[Stored data entries]
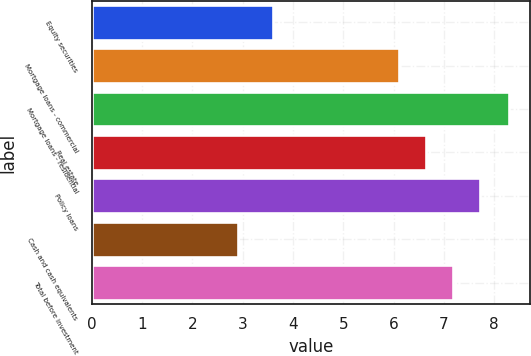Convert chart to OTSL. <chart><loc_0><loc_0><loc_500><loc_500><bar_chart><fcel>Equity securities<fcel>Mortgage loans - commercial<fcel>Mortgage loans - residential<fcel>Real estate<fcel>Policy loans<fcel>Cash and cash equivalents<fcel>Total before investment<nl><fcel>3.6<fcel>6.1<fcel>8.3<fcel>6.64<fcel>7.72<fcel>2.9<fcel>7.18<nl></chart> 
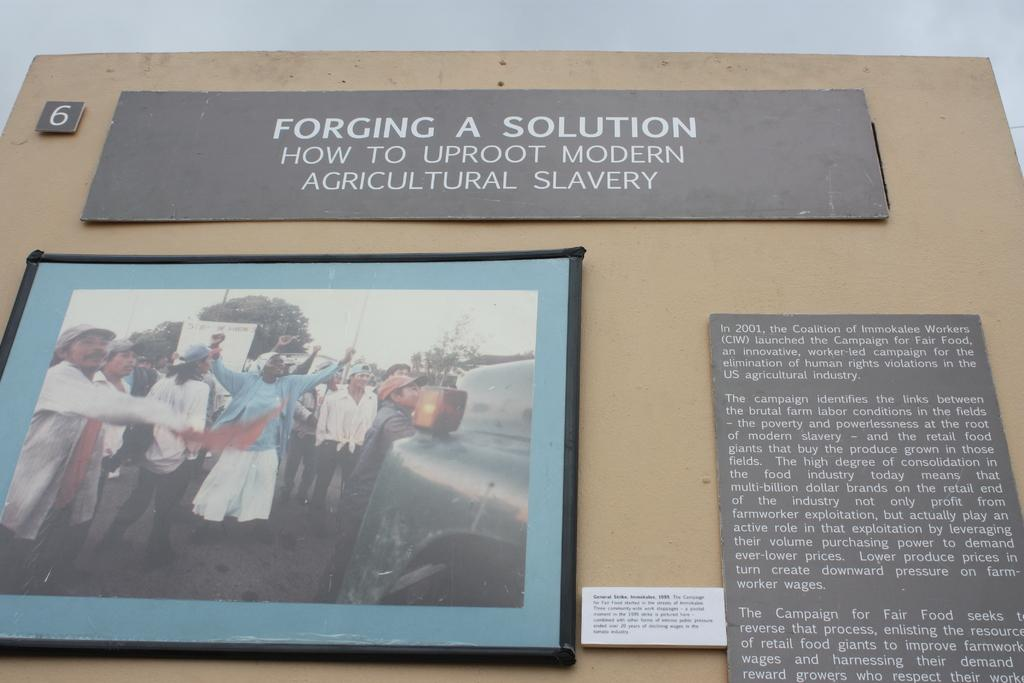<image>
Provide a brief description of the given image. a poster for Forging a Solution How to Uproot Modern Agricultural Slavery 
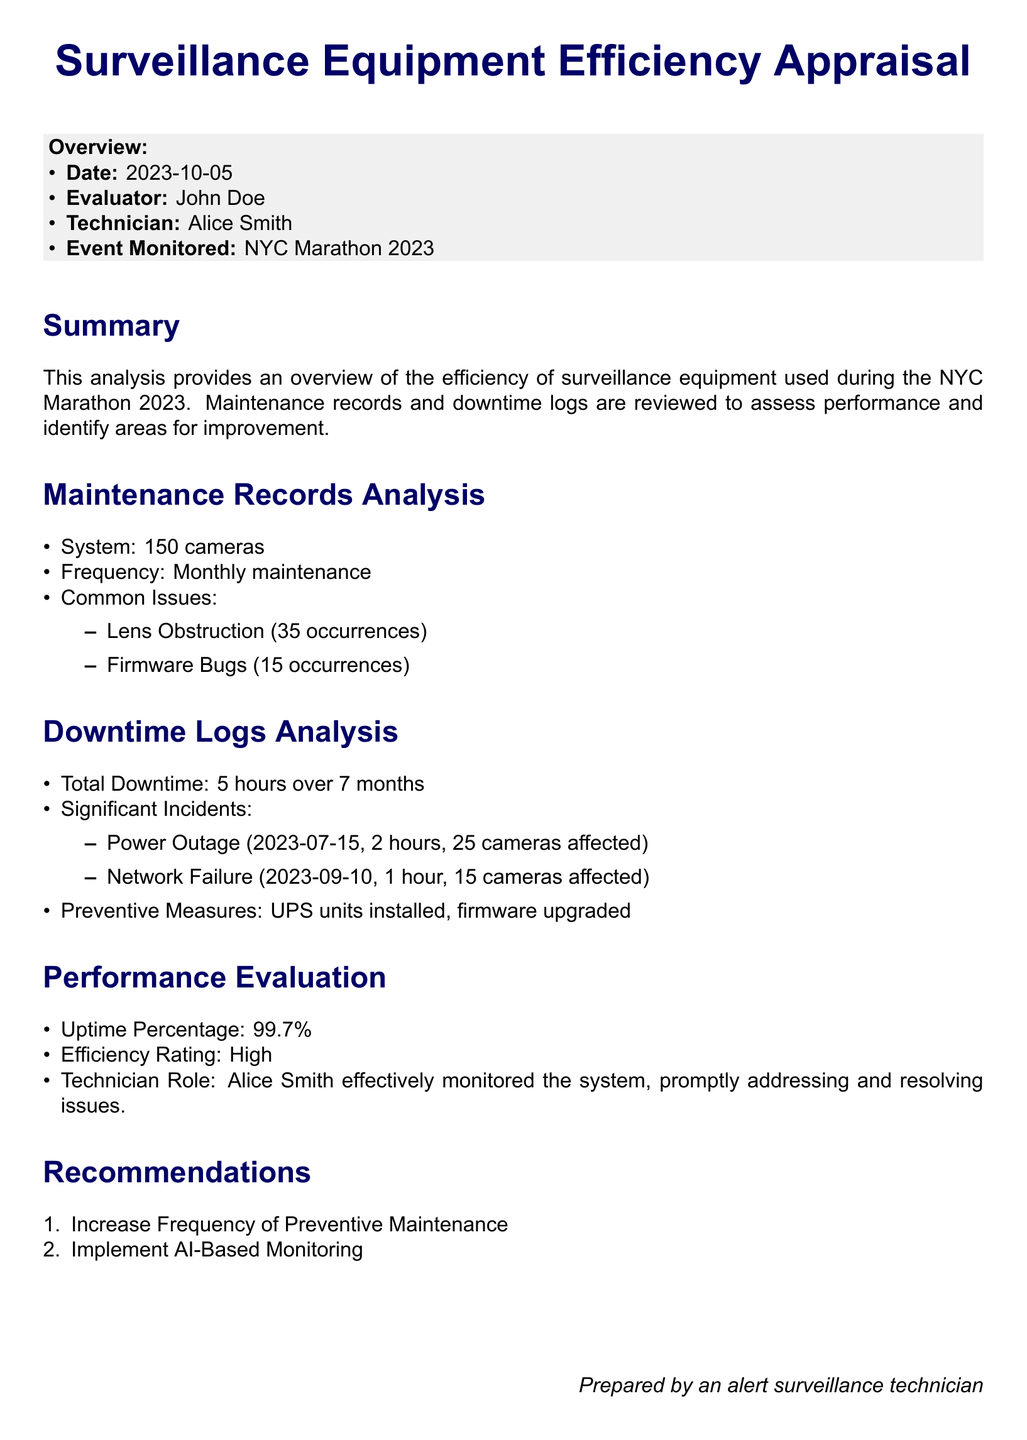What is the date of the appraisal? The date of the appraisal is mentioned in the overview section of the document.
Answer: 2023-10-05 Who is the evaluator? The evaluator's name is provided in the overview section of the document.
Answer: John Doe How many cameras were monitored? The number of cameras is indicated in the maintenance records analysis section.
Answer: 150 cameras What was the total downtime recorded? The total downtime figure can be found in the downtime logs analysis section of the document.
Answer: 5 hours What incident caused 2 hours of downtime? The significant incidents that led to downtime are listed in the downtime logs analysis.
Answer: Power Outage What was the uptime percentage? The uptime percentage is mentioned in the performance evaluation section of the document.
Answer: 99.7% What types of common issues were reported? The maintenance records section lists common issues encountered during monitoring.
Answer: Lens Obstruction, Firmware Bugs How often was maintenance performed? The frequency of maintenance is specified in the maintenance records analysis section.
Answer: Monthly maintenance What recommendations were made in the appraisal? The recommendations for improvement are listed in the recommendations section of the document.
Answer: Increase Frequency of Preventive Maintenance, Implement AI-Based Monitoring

- [TASK DESCRIPTION]:
Transcribe the entries word for word, without their pictures.

- [REPLY TO THE EXERCISE]:
Convert chart to OTSL. <chart><loc_0><loc_0><loc_500><loc_500><bar_chart><fcel>Equity securities<fcel>Mortgage loans - commercial<fcel>Mortgage loans - residential<fcel>Real estate<fcel>Policy loans<fcel>Cash and cash equivalents<fcel>Total before investment<nl><fcel>3.6<fcel>6.1<fcel>8.3<fcel>6.64<fcel>7.72<fcel>2.9<fcel>7.18<nl></chart> 
<image>
Provide a brief description of the given image. a poster for Forging a Solution How to Uproot Modern Agricultural Slavery 
What is the date of the appraisal? The date of the appraisal is mentioned in the overview section of the document.
Answer: 2023-10-05 Who is the evaluator? The evaluator's name is provided in the overview section of the document.
Answer: John Doe How many cameras were monitored? The number of cameras is indicated in the maintenance records analysis section.
Answer: 150 cameras What was the total downtime recorded? The total downtime figure can be found in the downtime logs analysis section of the document.
Answer: 5 hours What incident caused 2 hours of downtime? The significant incidents that led to downtime are listed in the downtime logs analysis.
Answer: Power Outage What was the uptime percentage? The uptime percentage is mentioned in the performance evaluation section of the document.
Answer: 99.7% What types of common issues were reported? The maintenance records section lists common issues encountered during monitoring.
Answer: Lens Obstruction, Firmware Bugs How often was maintenance performed? The frequency of maintenance is specified in the maintenance records analysis section.
Answer: Monthly maintenance What recommendations were made in the appraisal? The recommendations for improvement are listed in the recommendations section of the document.
Answer: Increase Frequency of Preventive Maintenance, Implement AI-Based Monitoring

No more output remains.